Des affrontements ont éclaté le mois dernier entre le Maroc et les séparatistes dans le Sahara occidental, un territoire revendiqué par le Maroc. La région, peu peuplée, est bordée par l’Algérie à l’est, la Mauritanie à l’est et au sud, l’océan Atlantique à l’ouest et le Maroc au nord.

Tout d’abord, le Maroc a lancé une opération militaire dans une zone tampon contrôlée par l’ONU dans un village appelé Guerguerat. Les soldats ont déplacé un camp de 60 manifestants pacifiques qui bloquaient la circulation entre le côté du Sahara occidental contrôlé par le Maroc et la Mauritanie. Ensuite, le Front Polisario, soutenu par l’Algérie et favorable à l’indépendance, a déclaré la fin du cessez-le-feu de 1991 avec le Maroc et a promis une reprise totale des combats. Bien que les Nations Unies et la communauté internationale aient appelé à la retenue des deux côtés et au maintien du cessez-le-feu, le 15 novembre, le Front Polisario a annoncé la mobilisation de « milliers de volontaires » pour rejoindre ses combattants.

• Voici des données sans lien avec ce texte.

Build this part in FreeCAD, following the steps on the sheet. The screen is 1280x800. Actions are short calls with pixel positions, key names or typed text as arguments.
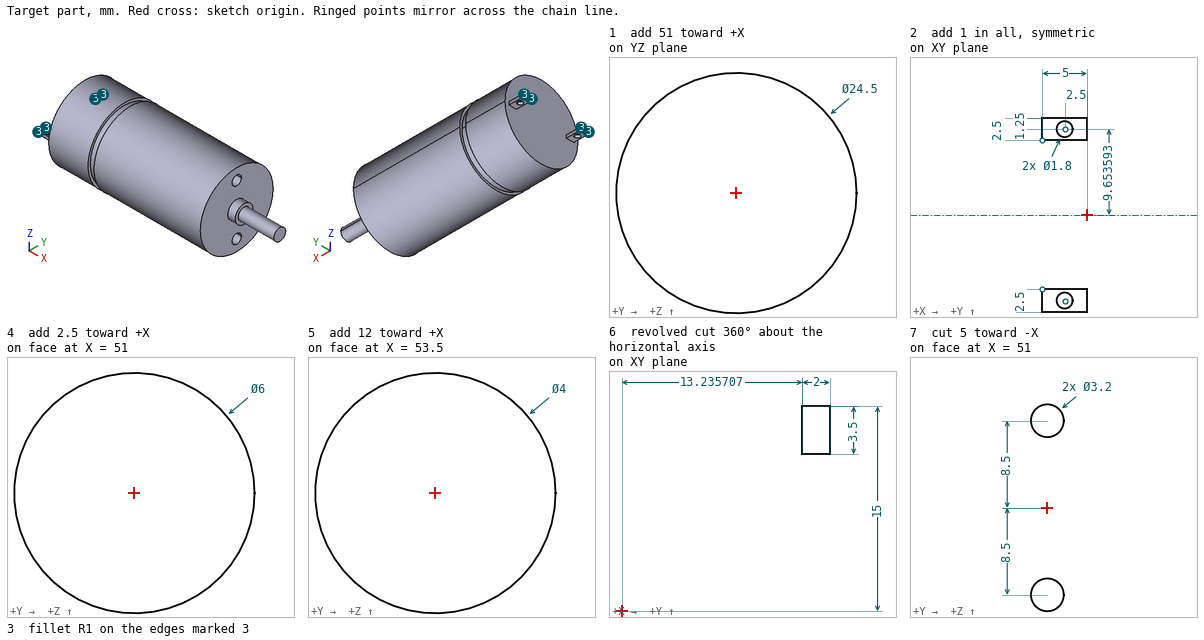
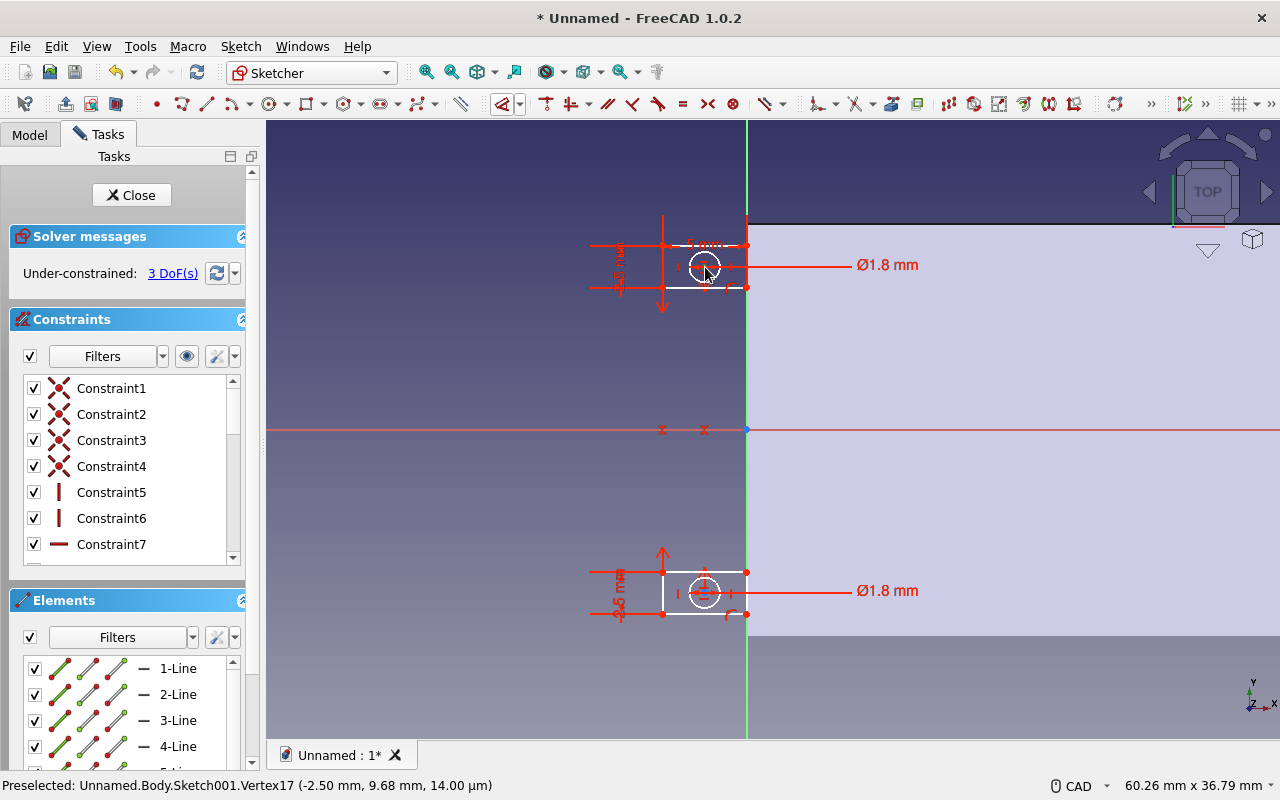
click(520, 104)

Depuis lors, des échanges de tirs ont été signalés entre les deux parties. Pendant ce temps, l’annonce du président américain Donald Trump ce mois-ci selon laquelle les États-Unis reconnaîtraient officiellement la souveraineté du Maroc sur le Sahara occidental en échange de la normalisation des liens entre le Maroc et Israël a bouleversé des décennies de médiation dirigée par l’ONU et d’efforts diplomatiques américains visant à résoudre le différend régional. Ce changement de politique américaine augmente davantage la probabilité d’une reprise des combats à grande échelle et intensifie l’instabilité régionale croissante en Afrique du Nord.

Beaucoup est en jeu dans le conflit du Sahara occidental. Au-delà de la menace de combats entre le Maroc et les forces pro-indépendance, il existe la possibilité (bien que peu probable) de confrontations militaires directes entre le Maroc et l’Algérie, deux des plus grandes et mieux équipées armées d’Afrique. De plus, de nombreux autres acteurs régionaux et mondiaux ont des intérêts économiques et politiques dans l’issue du conflit, étant donné la position stratégique du Sahara occidental sur la côte atlantique et ses ressources naturelles. Si le conflit s’intensifie, le Sahara occidental ne sera pas le seul enjeu.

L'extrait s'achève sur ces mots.